*Task goal*:
No pictures go into the copy. Write out exactly the lines below from the one containing "toaster,-0.118,0.172,1.144,0.281,0.191,0.171,-12,59,11" through the one containing "Lens: 60.0° across the image width.".

*Excerpted records*:
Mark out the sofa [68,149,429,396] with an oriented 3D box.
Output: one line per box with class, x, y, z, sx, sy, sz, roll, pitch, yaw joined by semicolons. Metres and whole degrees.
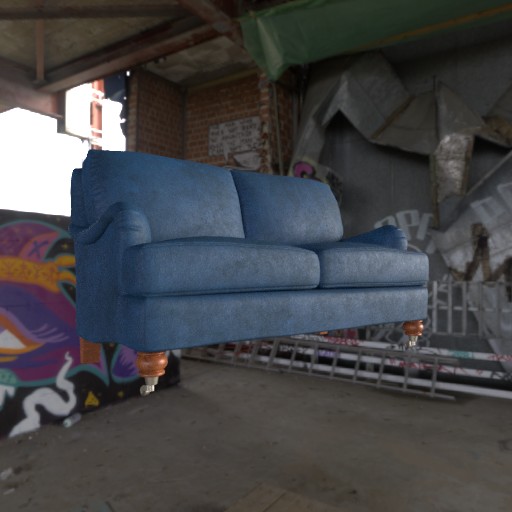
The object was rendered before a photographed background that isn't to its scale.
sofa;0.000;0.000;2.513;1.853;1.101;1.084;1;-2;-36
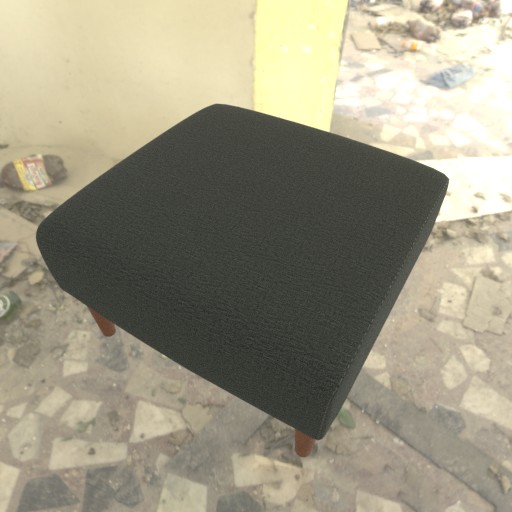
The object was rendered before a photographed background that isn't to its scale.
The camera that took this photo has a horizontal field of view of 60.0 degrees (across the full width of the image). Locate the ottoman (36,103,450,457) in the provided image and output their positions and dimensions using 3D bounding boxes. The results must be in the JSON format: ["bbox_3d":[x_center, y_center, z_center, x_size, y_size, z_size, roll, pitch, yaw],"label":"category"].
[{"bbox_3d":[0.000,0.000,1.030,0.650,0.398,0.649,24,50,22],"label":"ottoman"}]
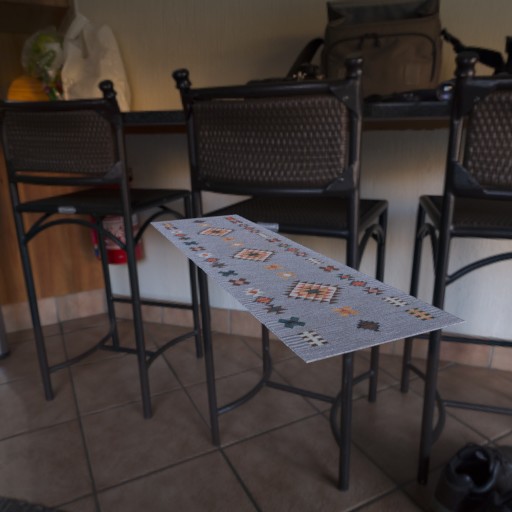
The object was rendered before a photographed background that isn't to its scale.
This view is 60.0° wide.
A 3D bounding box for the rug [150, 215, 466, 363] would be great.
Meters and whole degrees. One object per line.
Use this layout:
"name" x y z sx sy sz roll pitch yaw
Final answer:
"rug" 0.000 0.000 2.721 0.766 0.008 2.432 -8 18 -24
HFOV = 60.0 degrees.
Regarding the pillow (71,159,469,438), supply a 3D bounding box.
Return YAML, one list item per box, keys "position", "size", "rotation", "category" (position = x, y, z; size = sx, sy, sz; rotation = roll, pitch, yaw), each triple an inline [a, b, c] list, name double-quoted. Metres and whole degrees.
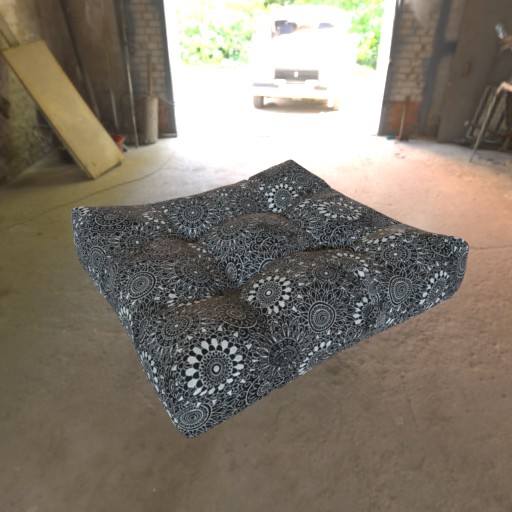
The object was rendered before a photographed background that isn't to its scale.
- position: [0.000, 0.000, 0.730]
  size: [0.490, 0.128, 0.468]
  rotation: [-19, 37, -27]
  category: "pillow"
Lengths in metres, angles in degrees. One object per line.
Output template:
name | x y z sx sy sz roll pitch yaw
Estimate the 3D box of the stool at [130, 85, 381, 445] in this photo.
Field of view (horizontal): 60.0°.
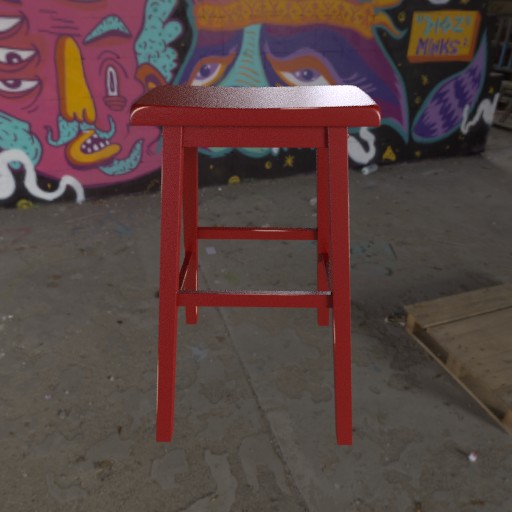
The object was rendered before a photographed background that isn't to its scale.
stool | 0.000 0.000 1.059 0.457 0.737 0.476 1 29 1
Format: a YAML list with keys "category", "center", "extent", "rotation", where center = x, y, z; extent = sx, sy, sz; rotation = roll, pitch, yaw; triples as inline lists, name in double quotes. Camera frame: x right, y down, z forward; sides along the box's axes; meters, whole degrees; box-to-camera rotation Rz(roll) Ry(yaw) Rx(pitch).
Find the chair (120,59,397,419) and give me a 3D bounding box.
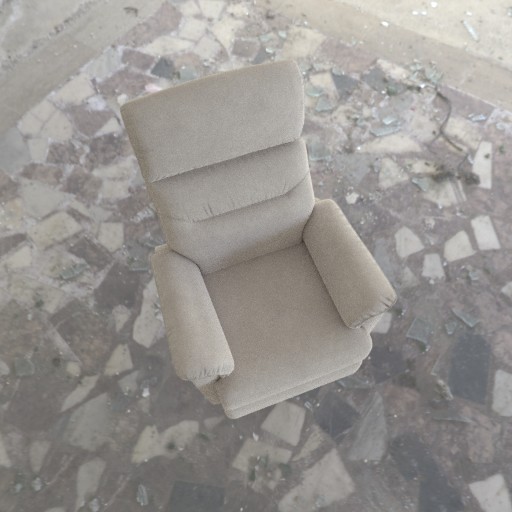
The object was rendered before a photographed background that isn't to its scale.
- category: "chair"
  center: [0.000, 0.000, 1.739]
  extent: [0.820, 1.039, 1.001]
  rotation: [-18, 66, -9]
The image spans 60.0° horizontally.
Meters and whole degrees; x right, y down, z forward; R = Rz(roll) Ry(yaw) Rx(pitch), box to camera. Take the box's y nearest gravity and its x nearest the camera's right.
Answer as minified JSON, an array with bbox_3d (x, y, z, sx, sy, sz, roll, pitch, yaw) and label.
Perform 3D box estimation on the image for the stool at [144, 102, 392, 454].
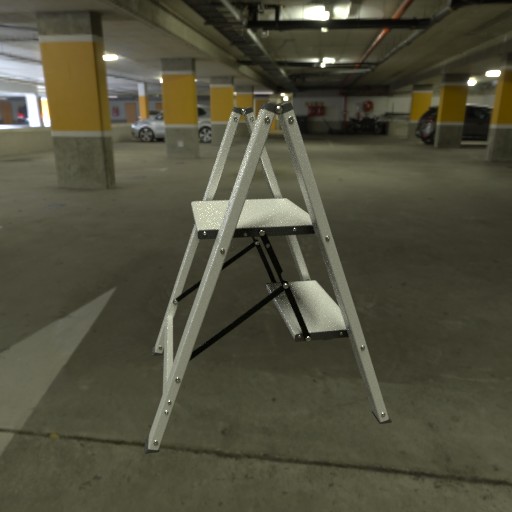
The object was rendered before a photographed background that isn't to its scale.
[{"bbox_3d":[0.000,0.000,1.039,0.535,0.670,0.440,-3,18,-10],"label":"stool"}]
==
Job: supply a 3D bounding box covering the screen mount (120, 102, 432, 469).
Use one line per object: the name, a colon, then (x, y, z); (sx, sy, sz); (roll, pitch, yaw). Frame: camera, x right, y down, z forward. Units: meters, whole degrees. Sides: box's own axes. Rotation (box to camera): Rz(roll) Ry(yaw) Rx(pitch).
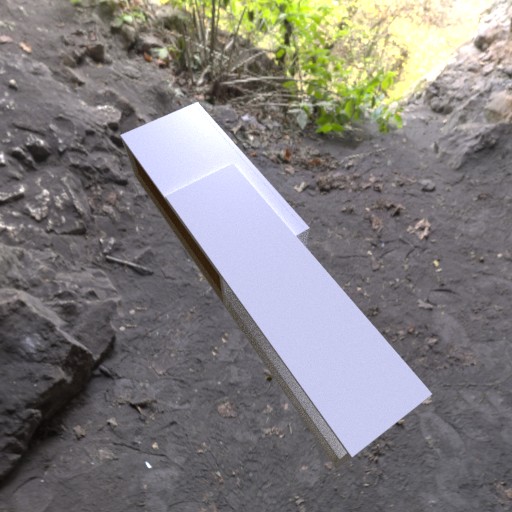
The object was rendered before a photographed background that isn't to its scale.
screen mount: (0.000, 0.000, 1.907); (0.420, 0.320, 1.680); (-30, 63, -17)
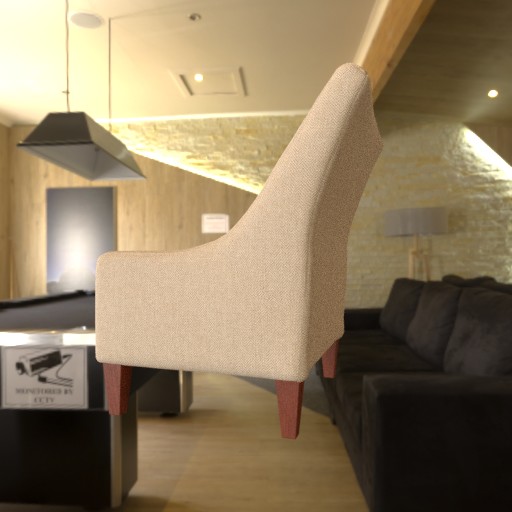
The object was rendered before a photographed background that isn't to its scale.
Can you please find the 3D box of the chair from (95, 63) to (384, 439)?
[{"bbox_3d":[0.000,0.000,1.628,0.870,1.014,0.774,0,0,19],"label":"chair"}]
...
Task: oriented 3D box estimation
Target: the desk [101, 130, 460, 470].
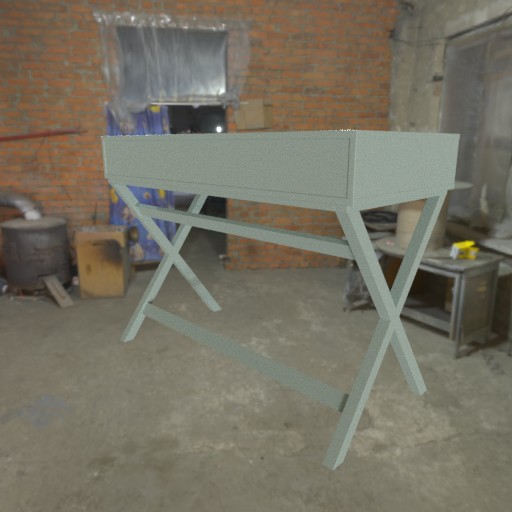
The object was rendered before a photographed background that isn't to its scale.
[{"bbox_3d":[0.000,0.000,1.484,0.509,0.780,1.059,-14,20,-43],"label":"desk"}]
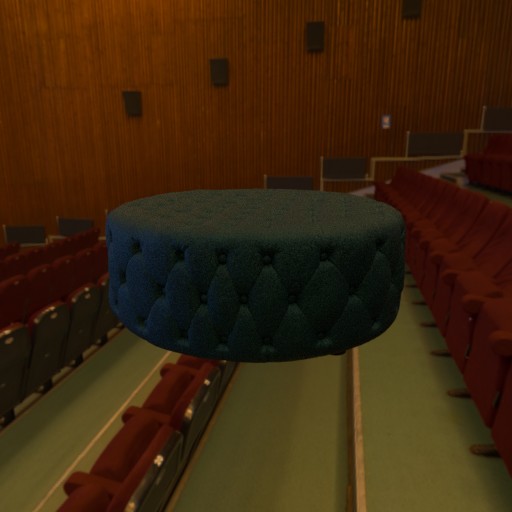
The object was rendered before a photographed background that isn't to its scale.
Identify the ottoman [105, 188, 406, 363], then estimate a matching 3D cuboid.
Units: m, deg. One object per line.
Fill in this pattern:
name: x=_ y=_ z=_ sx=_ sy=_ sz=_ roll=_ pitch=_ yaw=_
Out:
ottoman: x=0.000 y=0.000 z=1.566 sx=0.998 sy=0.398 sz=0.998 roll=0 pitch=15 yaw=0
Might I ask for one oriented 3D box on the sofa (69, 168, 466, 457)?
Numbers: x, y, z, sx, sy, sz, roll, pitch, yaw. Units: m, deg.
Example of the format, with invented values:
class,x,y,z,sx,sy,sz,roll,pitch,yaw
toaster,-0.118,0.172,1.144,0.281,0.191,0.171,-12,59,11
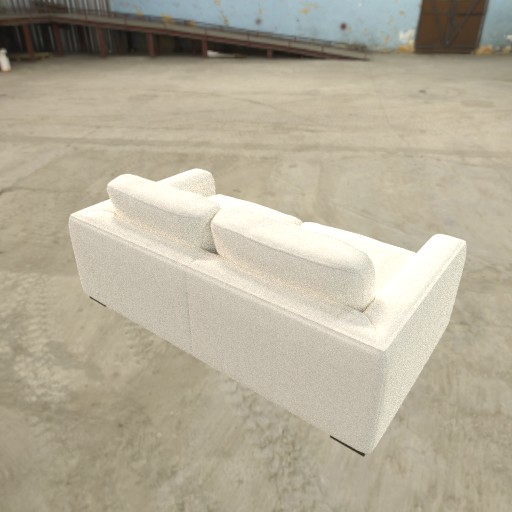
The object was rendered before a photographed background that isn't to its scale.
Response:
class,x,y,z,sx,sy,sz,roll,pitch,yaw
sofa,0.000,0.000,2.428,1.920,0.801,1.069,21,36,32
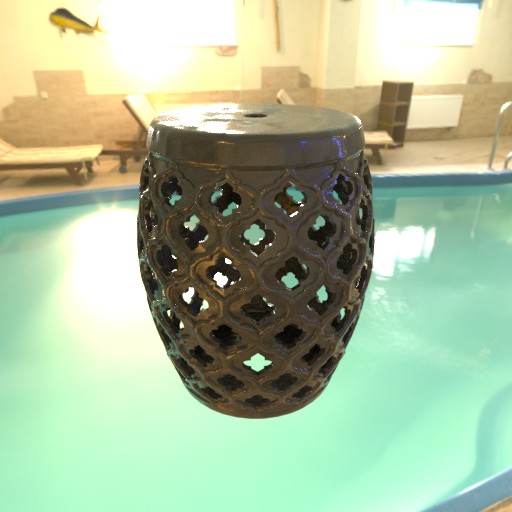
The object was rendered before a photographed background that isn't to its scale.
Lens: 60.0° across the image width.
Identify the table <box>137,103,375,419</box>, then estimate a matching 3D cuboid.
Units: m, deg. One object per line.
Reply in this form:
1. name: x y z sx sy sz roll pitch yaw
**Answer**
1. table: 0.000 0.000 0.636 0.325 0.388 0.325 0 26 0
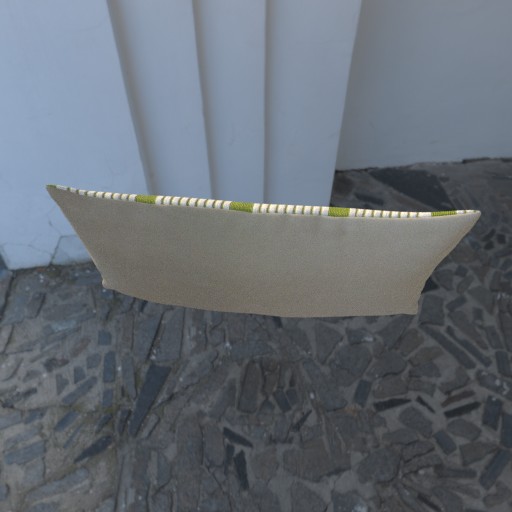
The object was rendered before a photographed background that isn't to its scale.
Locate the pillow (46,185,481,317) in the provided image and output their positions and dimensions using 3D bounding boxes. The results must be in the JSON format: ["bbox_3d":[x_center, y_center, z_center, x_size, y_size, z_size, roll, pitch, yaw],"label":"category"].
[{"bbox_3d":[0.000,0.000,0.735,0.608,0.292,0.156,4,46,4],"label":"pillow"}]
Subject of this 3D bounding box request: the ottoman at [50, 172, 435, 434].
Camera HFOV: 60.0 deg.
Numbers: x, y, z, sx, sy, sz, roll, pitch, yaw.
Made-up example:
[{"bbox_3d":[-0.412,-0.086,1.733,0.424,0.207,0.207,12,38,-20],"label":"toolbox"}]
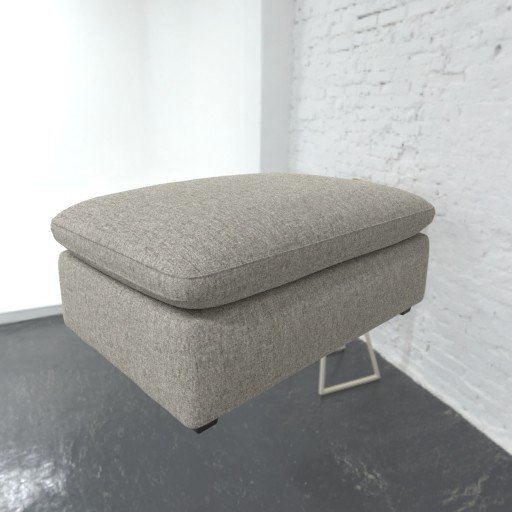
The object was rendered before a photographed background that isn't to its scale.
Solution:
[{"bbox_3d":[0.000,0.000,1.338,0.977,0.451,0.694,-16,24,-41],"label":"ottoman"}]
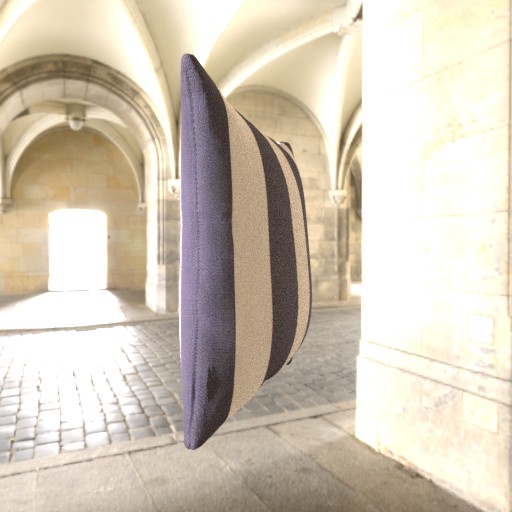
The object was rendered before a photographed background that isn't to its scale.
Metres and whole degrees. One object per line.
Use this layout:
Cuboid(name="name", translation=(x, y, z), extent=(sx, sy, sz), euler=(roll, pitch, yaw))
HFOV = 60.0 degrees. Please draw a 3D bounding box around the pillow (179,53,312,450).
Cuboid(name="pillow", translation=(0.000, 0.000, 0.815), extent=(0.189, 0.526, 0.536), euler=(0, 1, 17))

*Your solution*:
toaster,-0.118,0.172,1.144,0.281,0.191,0.171,-12,59,11
The object was rendered before a photographed background that isn't to its scale.
Response:
class,x,y,z,sx,sy,sz,roll,pitch,yaw
sofa,0.000,0.000,2.428,1.920,0.801,1.069,21,36,32
The object was rendered before a photographed background that isn't to its scale.
Lens: 60.0° across the image width.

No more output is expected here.